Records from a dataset
>>>

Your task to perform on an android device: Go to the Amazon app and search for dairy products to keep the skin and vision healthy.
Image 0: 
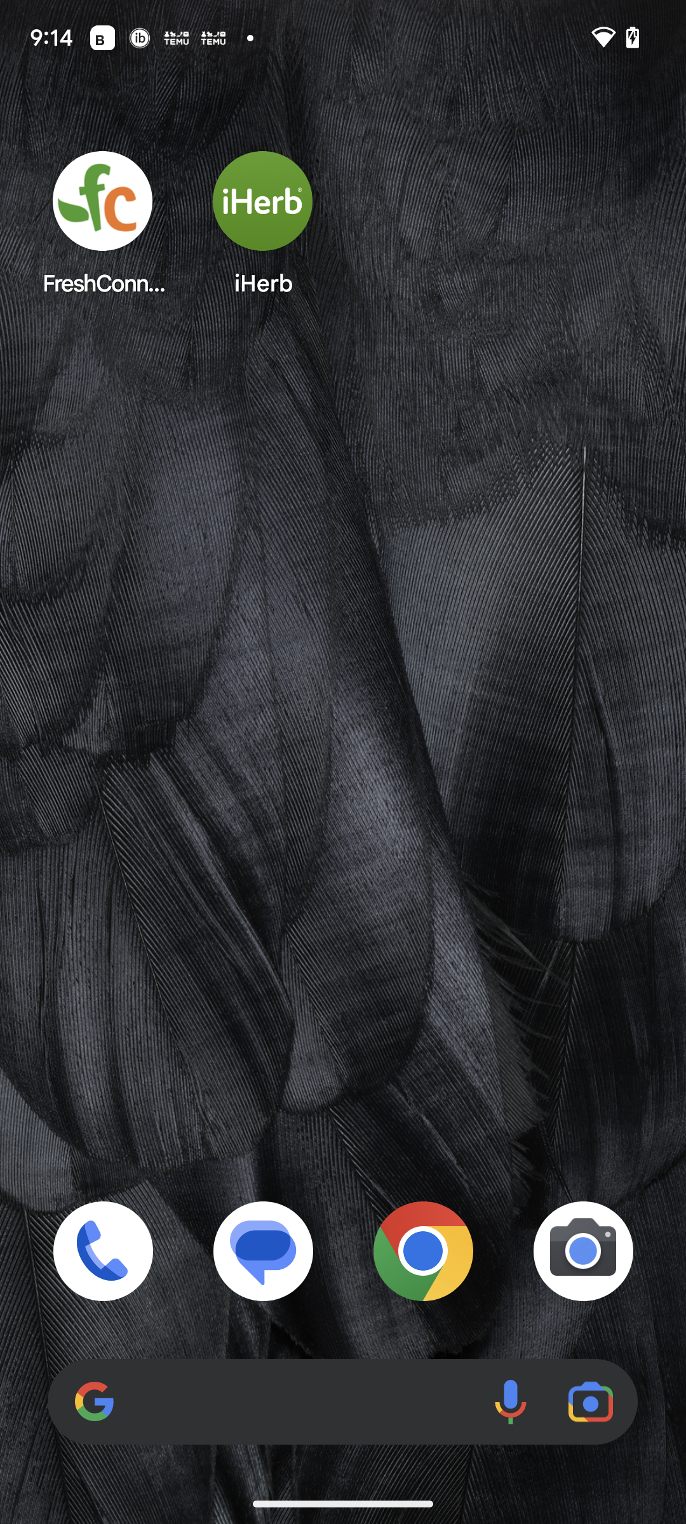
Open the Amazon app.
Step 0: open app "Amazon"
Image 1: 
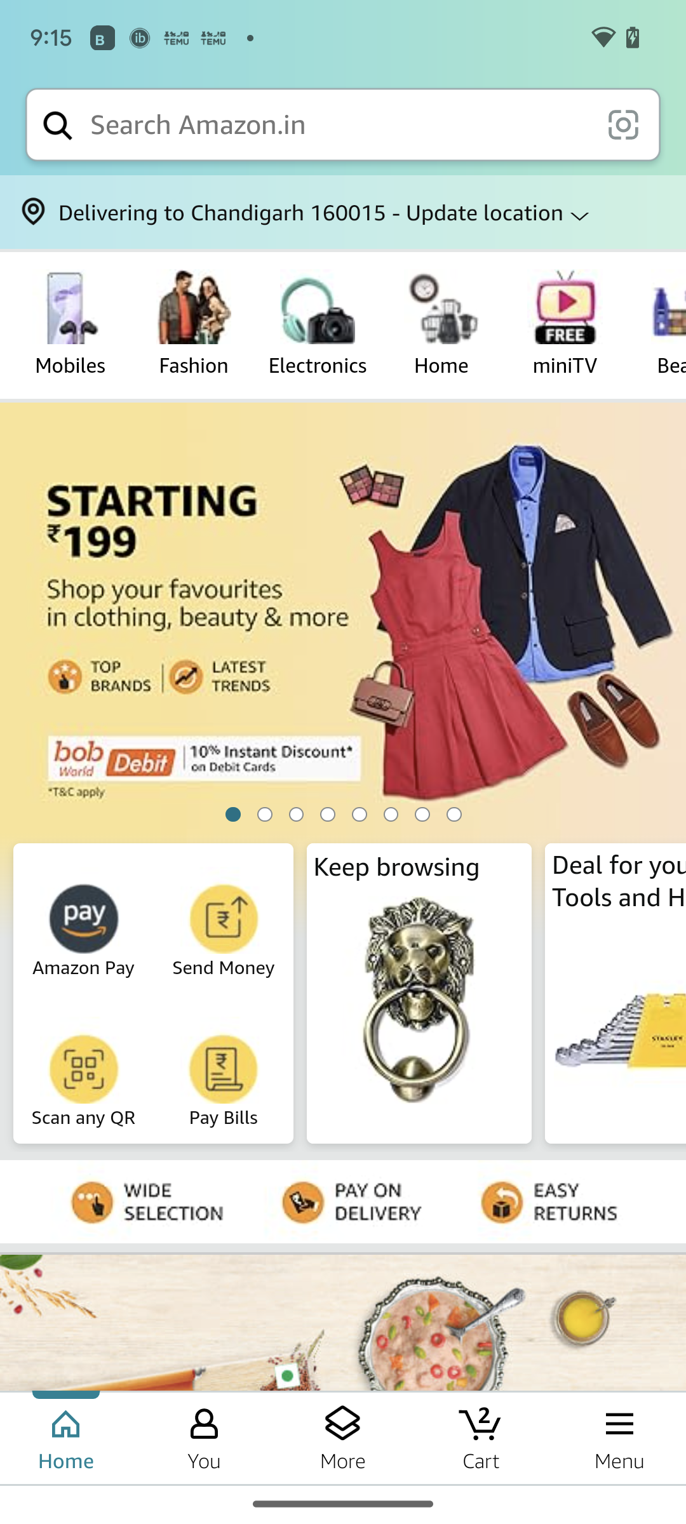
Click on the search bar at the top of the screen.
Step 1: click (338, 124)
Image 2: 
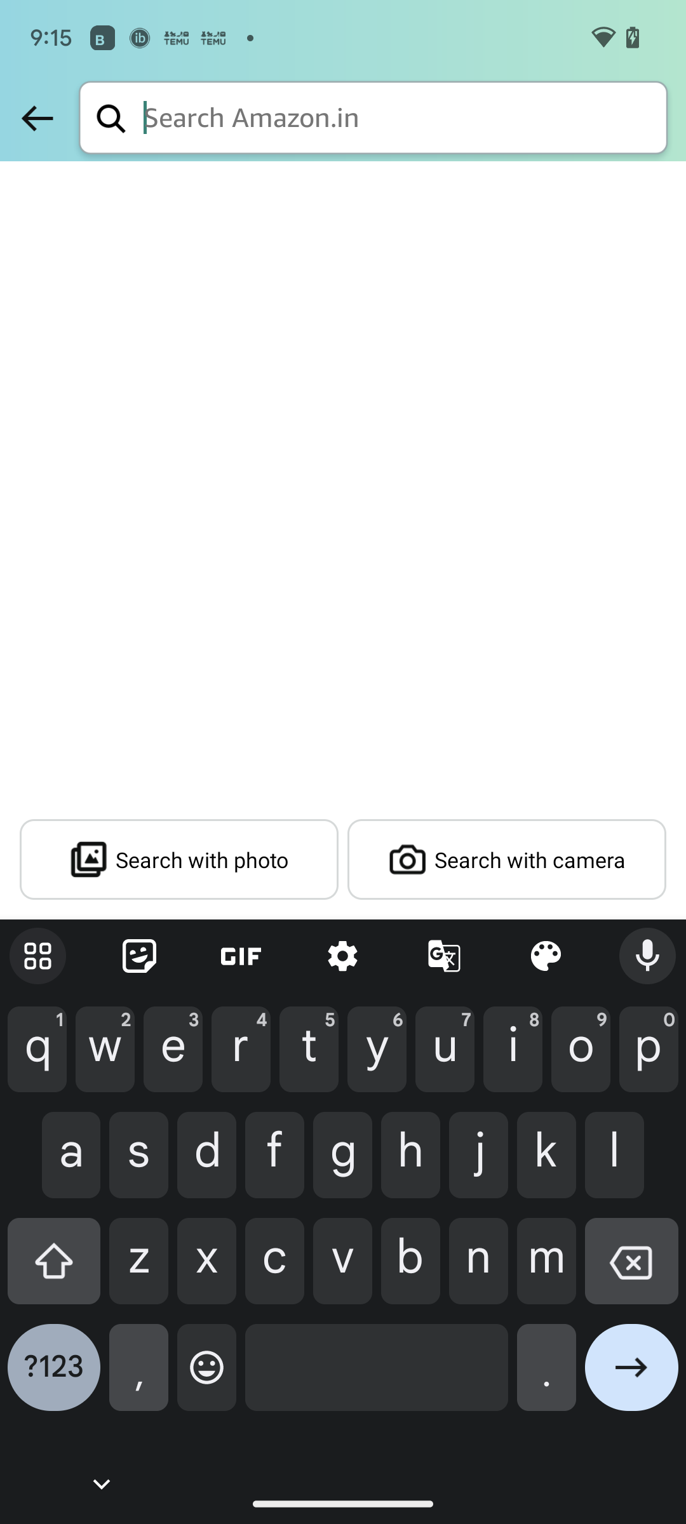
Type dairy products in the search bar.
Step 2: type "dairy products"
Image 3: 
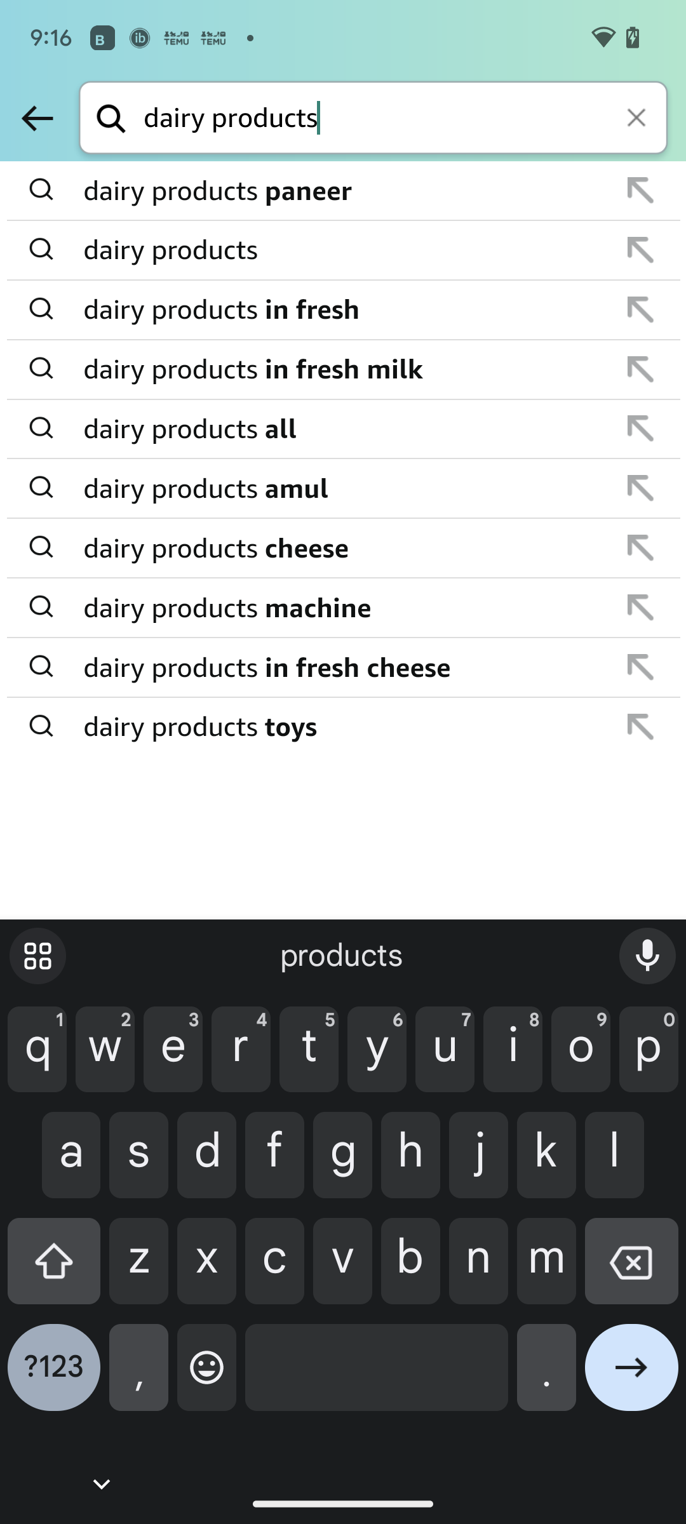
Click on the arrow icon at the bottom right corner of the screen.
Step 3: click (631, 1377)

<<<
>>>

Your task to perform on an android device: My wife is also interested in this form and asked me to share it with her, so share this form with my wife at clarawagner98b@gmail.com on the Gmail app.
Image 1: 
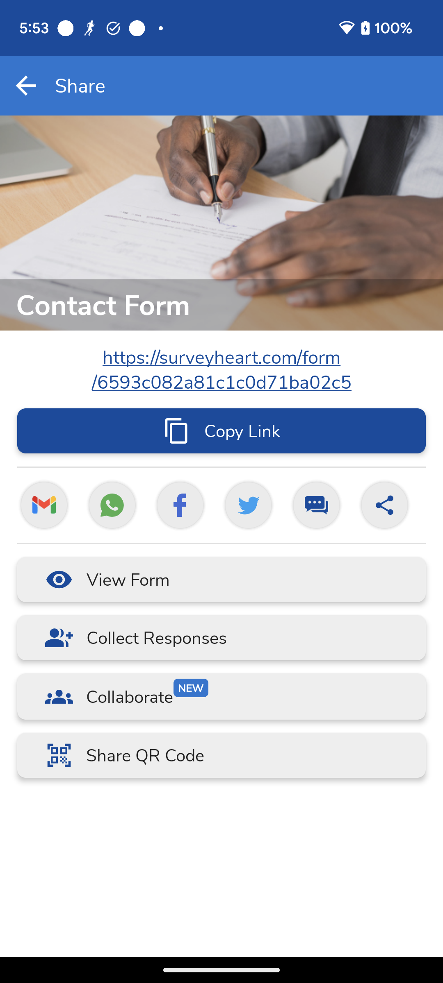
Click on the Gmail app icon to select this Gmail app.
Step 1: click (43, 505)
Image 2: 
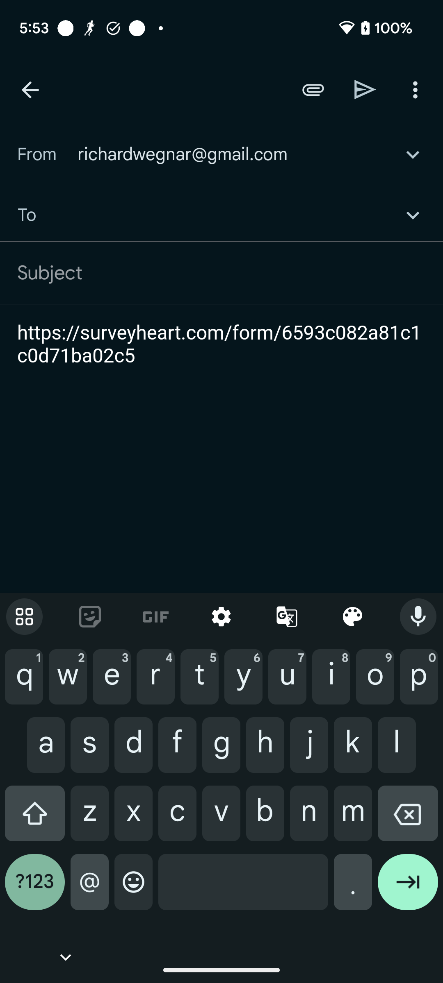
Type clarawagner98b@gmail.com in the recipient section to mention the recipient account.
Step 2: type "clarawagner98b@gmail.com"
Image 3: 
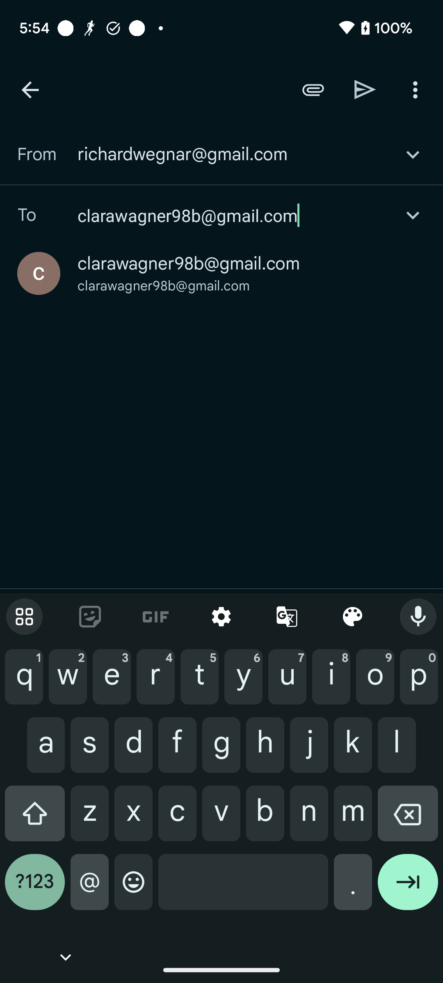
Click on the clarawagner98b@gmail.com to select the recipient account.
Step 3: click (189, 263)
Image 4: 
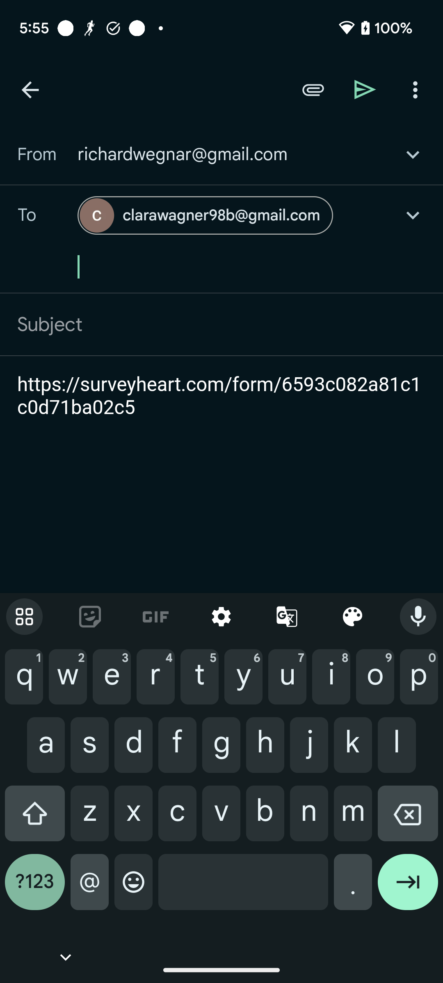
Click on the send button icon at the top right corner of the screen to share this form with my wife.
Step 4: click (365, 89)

<<<

EXERCISE DIRECTIONS ->
Scan the entries above. Copy each line that has the string "account".

SOLVED EXERCISE ->
Type clarawagner98b@gmail.com in the recipient section to mention the recipient account.
Click on the clarawagner98b@gmail.com to select the recipient account.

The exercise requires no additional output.